I have a chiropractor with some Freudian insights you see. He also happened to be from the exact same town as Mr M.   We high five over this news and he continued his analysis.

"Before certain age, young kids donot play with each other, but they play along side of each other.  They don't yet know how to interact.   Back home, we have almost nothing to do in the entire winter months, so we called each other up and interacted.  But here, people call each other to go surfing, play basketball, baseball, hiking or what have you.   They are playing alongside of each other, but there is no interactions."

 I opened my mouth immediately wanting to object, but thinking back to the first few years (yes years!) when I arrived in Southern California, I couldn't help but nod.

I was a "loner" for the first time in my life.  I came from China where like it or not, hoards of people are literally pressed against your ribs almost all times, it was difficult not to make a few friends here and there who truly knew and "interacted" with you to the depth of your lives.   In my college dorm room, 8 girls shared a single desk, we have our own assigned drawers, but we went to lunches, the library, jogging, classes, dances, outings, and sometimes even bathrooms together. 

Southern California live up to its reputation of beauty in many regards.  But it had taken me years to rebuild a network of friends who truly mattered.  I've made it in a way.  However M's words struck me: "you have become one of them."   On the one hand, I now have friends who I can call up for better or for worse, who will analyze my worries and hand over all their fears and anxieties.   On the other hand,  I too have become so involved in my own sunny but busy life and established circles, that I'd forgotten the loneliness and helplessness that come with being fresh transplants.  I too have simply "gone surfing" without connecting with someone beyond the size of the waves.  Though I do care, I am not sure of what exactly to do to step out of my precious circle. 

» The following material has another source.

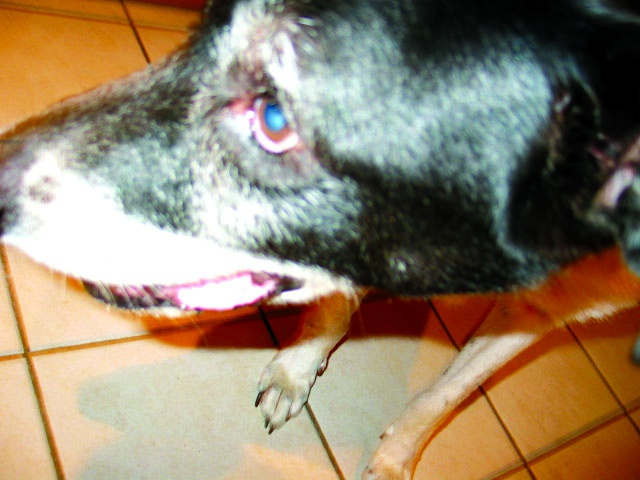Describe the objects in this image and their specific colors. I can see a dog in maroon, black, white, darkgray, and gray tones in this image. 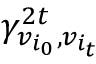Convert formula to latex. <formula><loc_0><loc_0><loc_500><loc_500>\gamma _ { v _ { i _ { 0 } } , v _ { i _ { t } } } ^ { 2 t }</formula>

But perhaps there is no circle in the end, but a simple barrier of fear and trepidation that separates people (not just transplants or locals) from instant connections that last a lifetime.   Looking both deeply within and beyond, with the help of time, space, and patience,  I hope this barrier will melt like the California coastal hills, into sand and dust and become part of the lasting landscape which we hold dear, forever.